Silicon Valley Tech News Roundup – October 3rd
Ozy Media ceases operations – 10/1
On Friday, Ozy Media released a statement announcing the company is ceasing operations.
In part, the statement to CNN Business said: “At Ozy, we have been blessed with a remarkable team of dedicated staff. Many of them are world-class journalists and experienced professionals to whom we owe tremendous gratitude, and who are wonderful colleagues. It is therefore with the heaviest of hearts that we must announce today that we are closing Ozy’s doors.”
Earlier in the week, the New York Times exposé shed light on questionable business practices like promotion of their content and the annual event Ozy Fest. In a conference call with Goldman Sachs, Ozy’s co-founder and COO Samir Rao impersonated a YouTube executive. At the time, Goldman Sachs was interested in investing $40 million in the company. Furthermore, the exposé claims Ozy Media inflated monthly unique visitors count.

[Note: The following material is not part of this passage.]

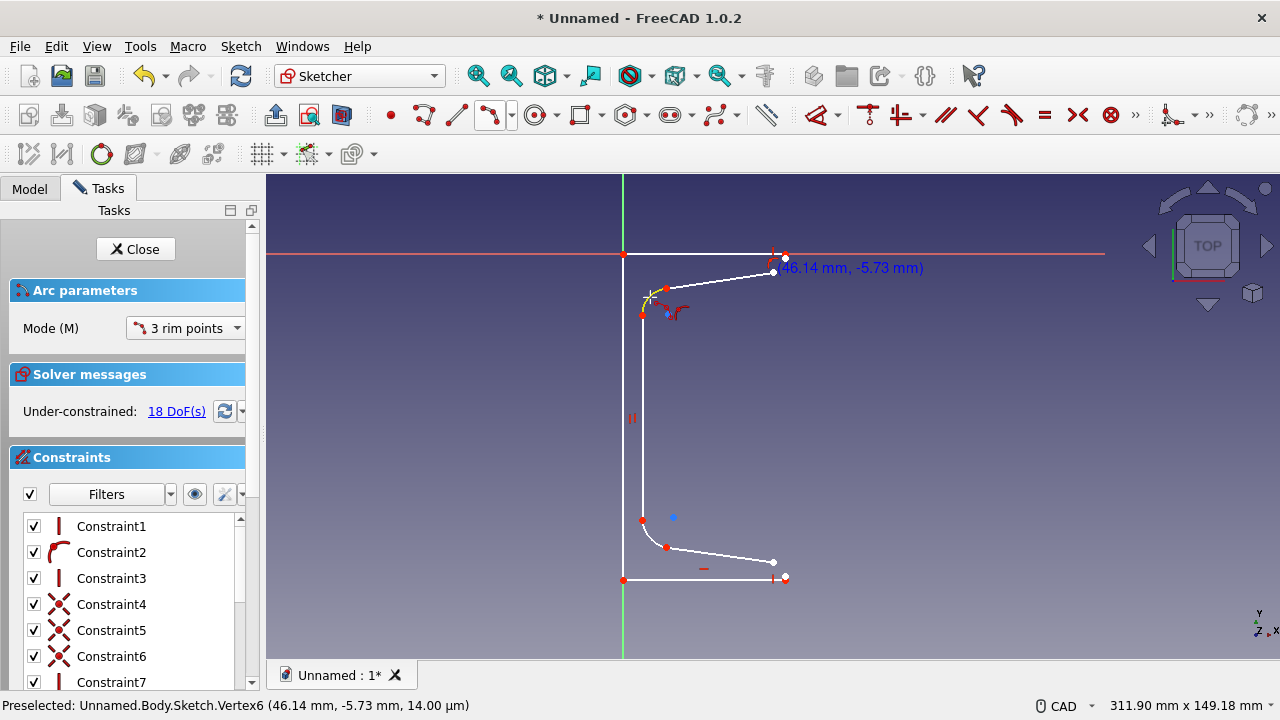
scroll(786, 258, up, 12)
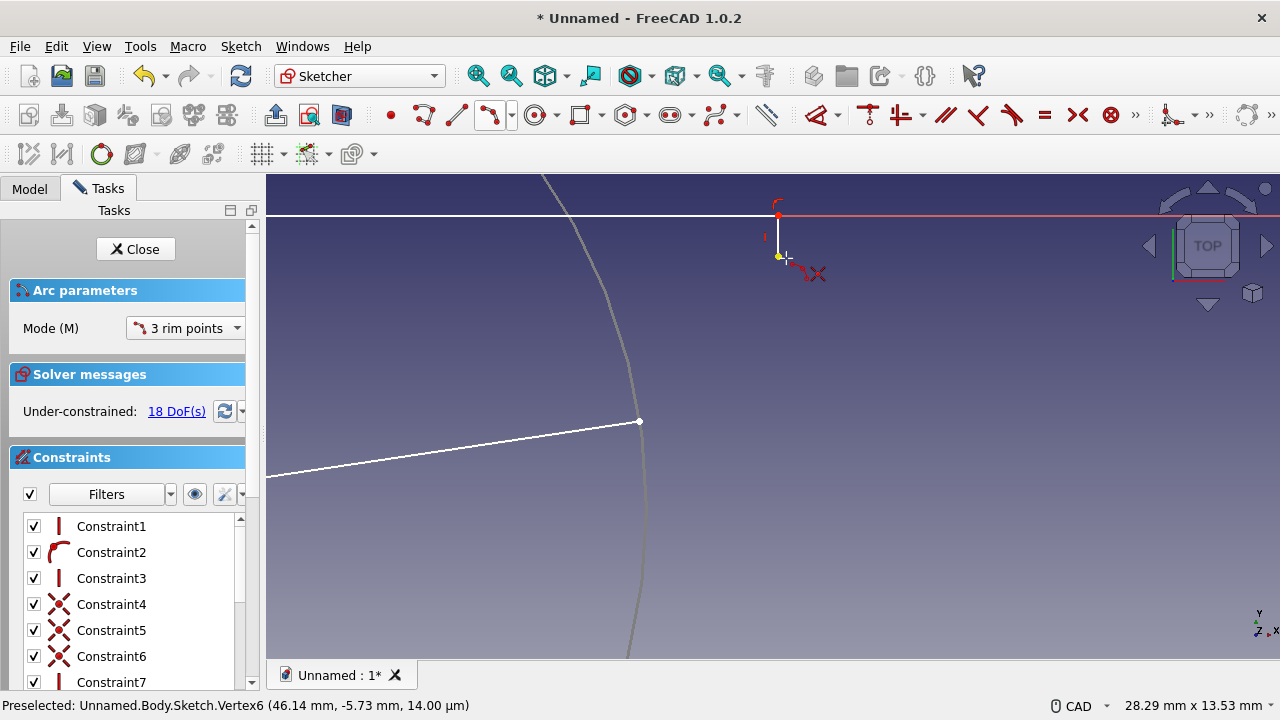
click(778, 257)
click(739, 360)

Meanwhile, a CNN Business report examined Ozy Media’s workplace culture that some former staffers called “abusive”.
The founder and CEO Carlos Watson established the company as a digital media news site in 2013. Previously Watson worked as a host and commentator at CNN, CNBC, and MSNBC.
Facebook testifies about social media impact on mental health of children – 9/30
Antigone Davis, Facebook Head of Safety, testified in front of the Senate Commerce, science, and transportation subcommittee on consumer protection, product safety, and data security about child protection. Davis defended Instagram and testified the platform “affirmatively helped” young people.

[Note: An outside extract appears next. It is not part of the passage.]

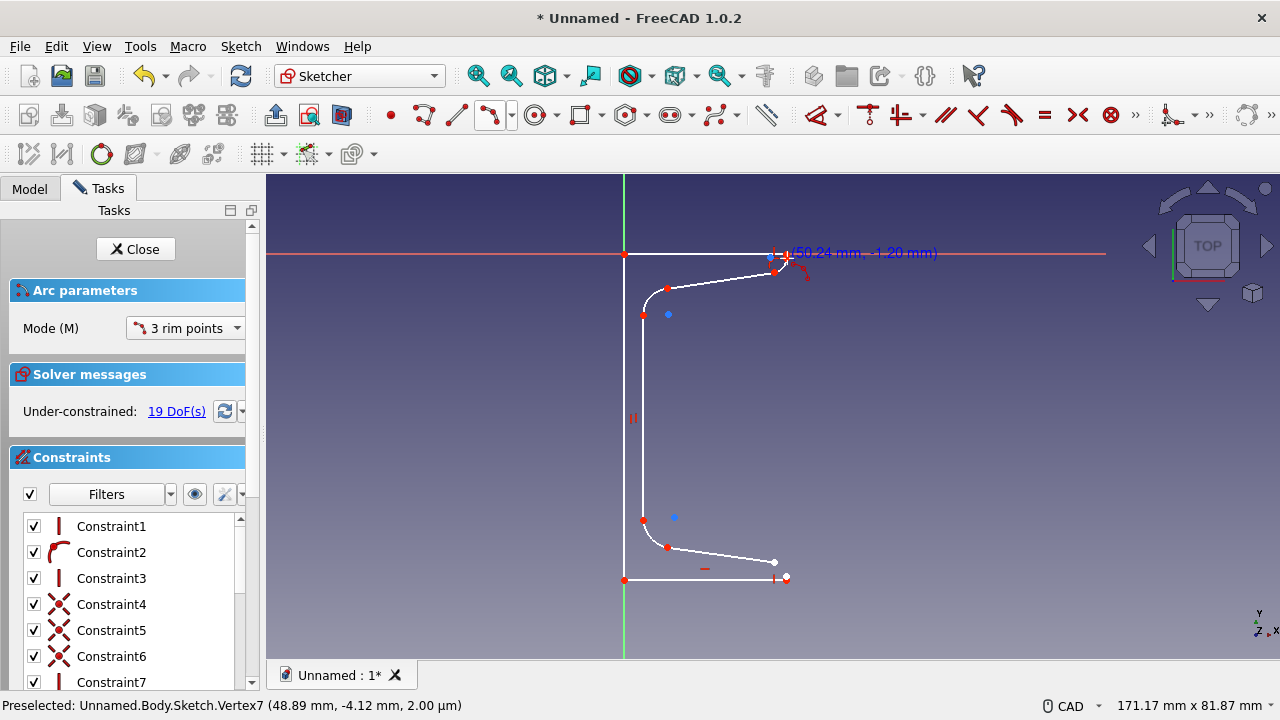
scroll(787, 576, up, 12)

Earlier in September, a report by the Wall Street Journal published Facebook’s research leaked by a whistleblower. The research found Instagram has a negative impact on the body image and self-esteem of teens.
In her testimony, Davis stated: “We conduct this research, to make our platform better, to minimize the bad and maximize the good and to proactively identify where we can improve… We want our platforms to be a place for meaningful interactions with friends and family, and we cannot achieve that goal if people do not feel safe.”
As Richard Blumenthal, the Head of the Senate subcommittee, pointed out – in August, Facebook denied the existence of research about the negative impact of social media on the mental health of children.
Blumenthal stated: “We know it chooses the growth of its products over the well-being of our children… It is failing to hold itself accountable, and the question that haunts me is how can we or parents or anyone trust Facebook.”
During the hearing, Davis failed to answer questions from the subcommittee. She said she had to consult with the relevant Facebook teams.
El Salvador mines bitcoin utilizing the power of volcano – 10/1
On Friday, El Salvador’s President Nayib Bukele tweeted that El Salvador harnessed volcanic power to mine for bitcoins. The country mined 0.00599179 bitcoin (equivalent to $269). In his tweet, Bukele said the project is a work in progress as the country is still installing the mining equipment.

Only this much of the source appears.